Eugene se dio cuenta de que actuó de una manera impulsiva y agresiva luego de ver como asustó al muchacho, lo bajó y se alejó un poco de él, en su defensa, el menor secuestró a la Reina y puso en peligro al reino, su rencor era algo entendible, al fin y al cabo consiguió calmarse.
"Disculpame, no esperaba verte a ti aquí, eres realmente una plaga ¿eh?". Se dijo a si mismo entre risas. Esto extrañó aún más al chiquillo y la situación logró confundirlo por completo, a pesar de esto, Varian esbozó una pequeña sonrisa, ladeo una ceja y aprovechó para burlarse de él.
"¿A qué te refieres con una plaga Eugene? Yo debería preguntarme por qué estás aquí después de todo, acaso.. me extrañas?". Instantaneamente luego de decir eso el niño comenzó a reírse a carcajadas, las mismas no duraron demasiado, en un simple instante su sonrisita pícara se borró por completo cuando Eugene se mostró agresivo con él, hundiendo un puño en la pared junto a su rostro, Varian se limitó a cubrirse el rostro y soltar un pequeño chillido esa instintiva reacción fue suficiente motivo para que el mayor se burle de él al igual que él lo hizo anteriormente.
"¿Extrañarte? Desde que te tienen encerrado y tu ciencia no esta destrozando todo a su paso el reino no hace más que prosperar, eras una molestia mocoso, hasta cuando no cometías crímenes, no me mal entiendas, tan solo mira lo que le hiciste a tu padre, seguro ahora estás mejor, perdiste a tu familia y a tus amigos, si es que en algún momento tuviste, me sorprende que Rapunzel insista en creer que vas a ser mejor persona, estoy seguro que no va a ser así, o acaso ¿me equivoco?".
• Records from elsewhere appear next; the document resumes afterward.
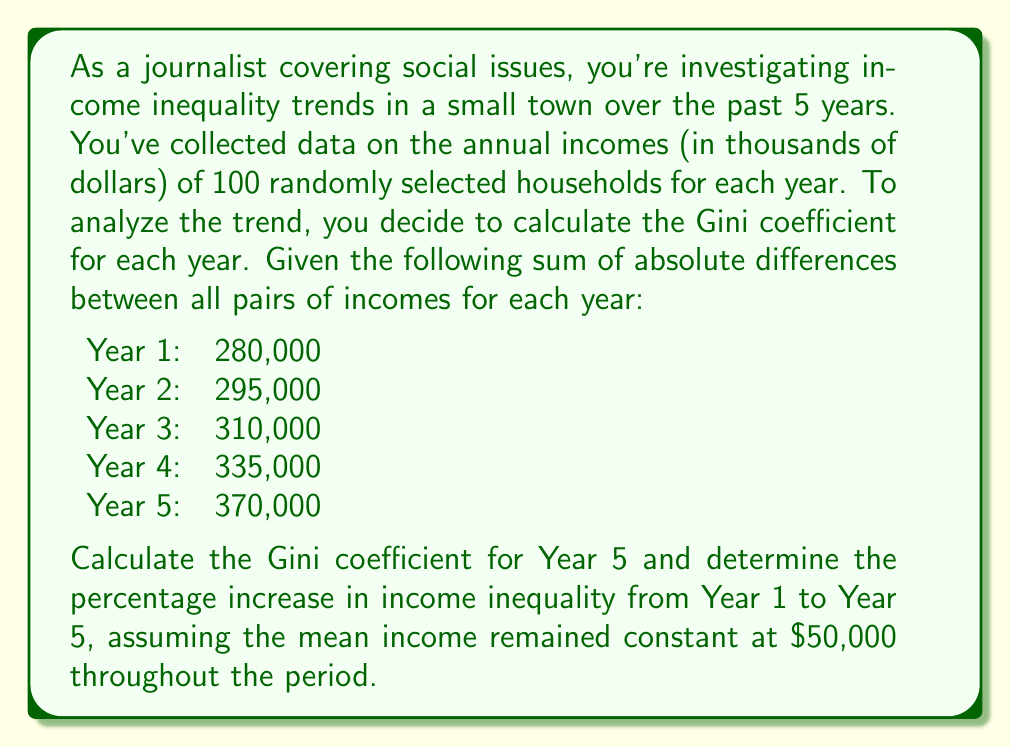Give your solution to this math problem. To solve this problem, we'll follow these steps:

1. Calculate the Gini coefficient for Year 5
2. Calculate the Gini coefficient for Year 1
3. Determine the percentage increase in income inequality

Step 1: Calculate the Gini coefficient for Year 5

The Gini coefficient is given by the formula:

$$ G = \frac{\sum_{i=1}^n \sum_{j=1}^n |x_i - x_j|}{2n^2\mu} $$

Where:
- $\sum_{i=1}^n \sum_{j=1}^n |x_i - x_j|$ is the sum of absolute differences between all pairs of incomes
- $n$ is the number of households
- $\mu$ is the mean income

For Year 5:
- Sum of absolute differences = 370,000
- n = 100
- μ = $50,000

Plugging these values into the formula:

$$ G_{Year 5} = \frac{370,000}{2 \cdot 100^2 \cdot 50,000} = \frac{370,000}{1,000,000} = 0.37 $$

Step 2: Calculate the Gini coefficient for Year 1

Using the same formula with Year 1 data:

$$ G_{Year 1} = \frac{280,000}{2 \cdot 100^2 \cdot 50,000} = \frac{280,000}{1,000,000} = 0.28 $$

Step 3: Determine the percentage increase in income inequality

To calculate the percentage increase, we use the formula:

$$ \text{Percentage Increase} = \frac{\text{New Value} - \text{Original Value}}{\text{Original Value}} \times 100\% $$

Plugging in our Gini coefficients:

$$ \text{Percentage Increase} = \frac{0.37 - 0.28}{0.28} \times 100\% = \frac{0.09}{0.28} \times 100\% = 32.14\% $$
Answer: The Gini coefficient for Year 5 is 0.37, and the percentage increase in income inequality from Year 1 to Year 5 is 32.14%. 
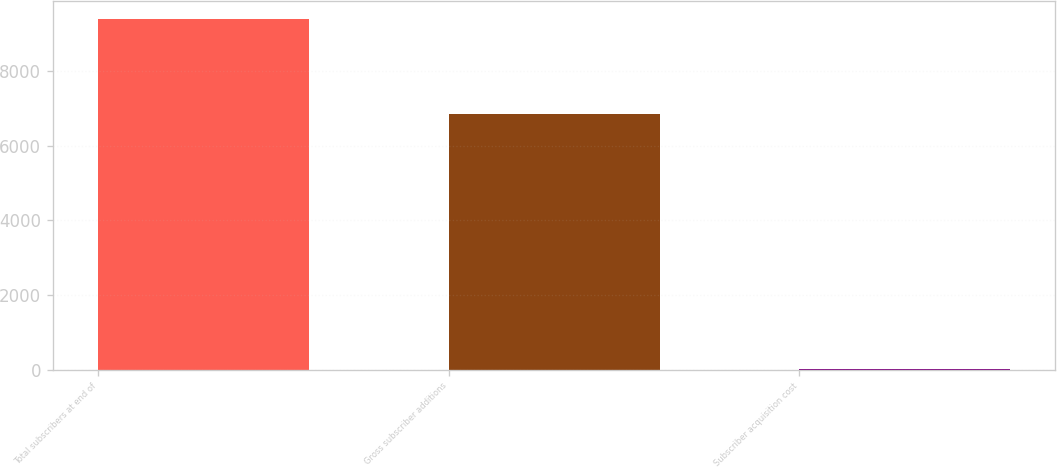Convert chart. <chart><loc_0><loc_0><loc_500><loc_500><bar_chart><fcel>Total subscribers at end of<fcel>Gross subscriber additions<fcel>Subscriber acquisition cost<nl><fcel>9390<fcel>6859<fcel>29.12<nl></chart>

El discurso de Eugene dejó al niño sin palabras, este mismo frunció el seño y agachó la mirada, no podía discutir con las palabras del mayor, las acciones de la princesa significaron una traición para él y estaba muy seguro de que sus actos eran imperdonables, incluso si Rapunzel lo perdonara la gente no lo hara. "Eso pensé, espero no cruzarte muy seguido por aquí de ahora en adelante, oh y Varian, no me causes problemas ¿quieres chico?". Expresó finalmente Eugene antes de retirarse y dejar al muchacho sin nada que decir. Él por supuesto sabía que todo lo que le había dicho fue muy duro para un adolescente y seguramente le dolió, pero consideró que fue lo mejor, para poder ponerlo en su lugar y que así aprenda una lección de una buena vez, aunque, dejando su odio de lado, Varian le recuerda un poco a él cuando era más joven y la gente mayor lo degradaba por cometer errores, y de alguna forma le causo lástima.
Con el paso de los días Varian y Eugene se limitaban a cruzar miradas cada vez que el destino los ponía en un mismo lugar a ambos, el comandante comenzó a organizar nuevas reglas y a imponer orden y respeto de manera inmediata, para su suerte, todos los planes que ideó para las mazmorras y su gente fueron un éxito, los guardias estaban muy contentos con su nuevo jefe y sus modernas ideas ylos criminales simplemente no querían tener problemas con el novio de la princesa de corona, así que simplemente no le causaban problemas. Por otro lado, Varian intentaba evitar a Eugene a toda costa, muchas veces sin éxito, también, se limitó a no hacer más travesuras a los guardias cuando se enteró que él era el actual comandante, en cambio, tenía algunos pocos problemas con otros reclusos, muchos de esos bárbaros solamente querían pelear o molestar, pero muchos otros tenían algunas intenciones desagradables con el chico, desde la perspectiva del chico, podrían ser orcos con gigantismo y con un anormal y apestoso aliento, salidos de un libro de fantasía como "El Señor De Los Anillos".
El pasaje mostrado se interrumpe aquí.